■ **Directions**: Look through the data below and extract, unchanged, the lines from the one that contains "timer (273, 194, 370, 288)" to the one that contains "toy animal (327, 284, 379, 343)", both included.

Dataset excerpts

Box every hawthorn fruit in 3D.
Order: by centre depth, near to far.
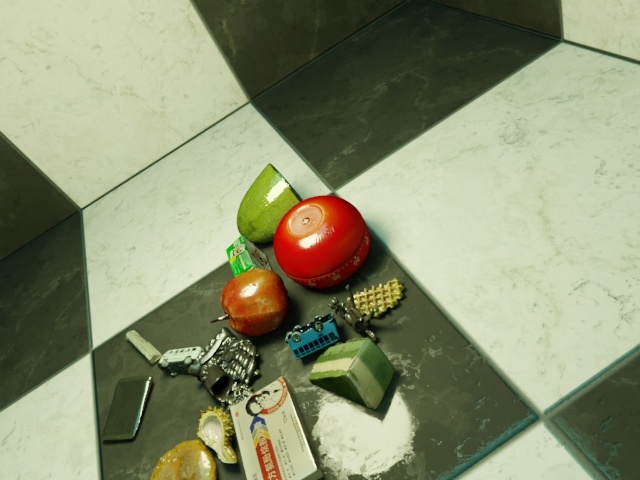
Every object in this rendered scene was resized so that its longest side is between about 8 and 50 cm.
[{"bbox_3d":[-0.268,0.245,1.831,0.301,0.253,0.254,-23,38,-19],"label":"hawthorn fruit"}]

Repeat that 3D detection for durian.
[{"bbox_3d":[-0.320,0.644,1.615,0.224,0.078,0.140,41,103,37],"label":"durian"}]

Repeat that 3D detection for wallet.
[{"bbox_3d":[-0.742,0.646,1.892,0.169,0.052,0.245,-11,50,21],"label":"wallet"}]

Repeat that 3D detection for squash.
[{"bbox_3d":[-0.251,-0.135,2.178,0.309,0.310,0.310,-38,42,-4],"label":"squash"}]

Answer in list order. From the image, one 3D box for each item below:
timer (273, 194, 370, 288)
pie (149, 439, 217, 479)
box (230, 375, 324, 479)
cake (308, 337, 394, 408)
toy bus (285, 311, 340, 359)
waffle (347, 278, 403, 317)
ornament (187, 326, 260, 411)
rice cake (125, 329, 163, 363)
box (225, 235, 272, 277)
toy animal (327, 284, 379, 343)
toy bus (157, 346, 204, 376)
[{"bbox_3d":[0.000,0.000,1.913,0.379,0.279,0.377,-16,46,17],"label":"timer"},{"bbox_3d":[-0.444,0.772,1.578,0.274,0.069,0.273,-19,45,20],"label":"pie"},{"bbox_3d":[-0.148,0.628,1.548,0.214,0.069,0.353,-31,40,0],"label":"box"},{"bbox_3d":[0.099,0.439,1.596,0.158,0.172,0.284,-52,12,-31],"label":"cake"},{"bbox_3d":[-0.020,0.334,1.723,0.185,0.106,0.090,-26,7,6],"label":"toy bus"},{"bbox_3d":[0.204,0.201,1.769,0.192,0.046,0.161,-41,43,-13],"label":"waffle"},{"bbox_3d":[-0.321,0.470,1.786,0.261,0.106,0.251,21,64,36],"label":"ornament"},{"bbox_3d":[-0.753,0.450,2.085,0.057,0.052,0.256,-23,32,-37],"label":"rice cake"},{"bbox_3d":[-0.288,0.110,2.049,0.103,0.180,0.250,-41,39,5],"label":"box"},{"bbox_3d":[0.119,0.255,1.707,0.085,0.148,0.233,-37,53,-23],"label":"toy animal"},{"bbox_3d":[-0.537,0.470,1.916,0.194,0.087,0.088,-12,38,21],"label":"toy bus"}]
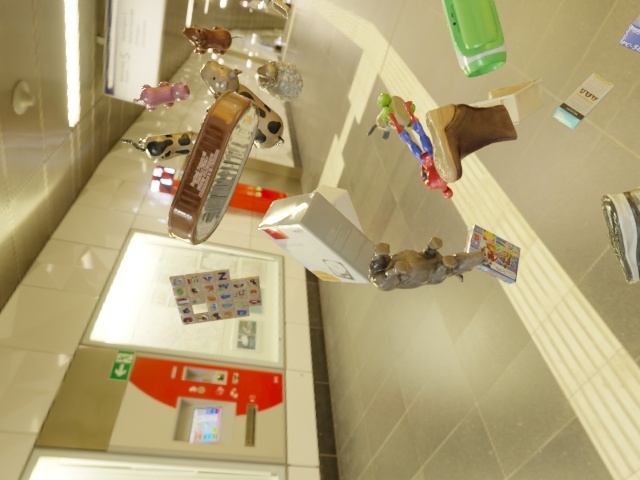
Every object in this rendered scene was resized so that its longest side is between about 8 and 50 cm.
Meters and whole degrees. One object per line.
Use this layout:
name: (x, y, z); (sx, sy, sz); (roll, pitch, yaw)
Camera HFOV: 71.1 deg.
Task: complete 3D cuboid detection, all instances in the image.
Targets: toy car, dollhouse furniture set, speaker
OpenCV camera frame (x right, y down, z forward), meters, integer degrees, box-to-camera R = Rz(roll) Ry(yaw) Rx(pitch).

■ **Finished exercise**:
timer (273, 194, 370, 288)
pie (149, 439, 217, 479)
box (230, 375, 324, 479)
cake (308, 337, 394, 408)
toy bus (285, 311, 340, 359)
waffle (347, 278, 403, 317)
ornament (187, 326, 260, 411)
rice cake (125, 329, 163, 363)
box (225, 235, 272, 277)
toy animal (327, 284, 379, 343)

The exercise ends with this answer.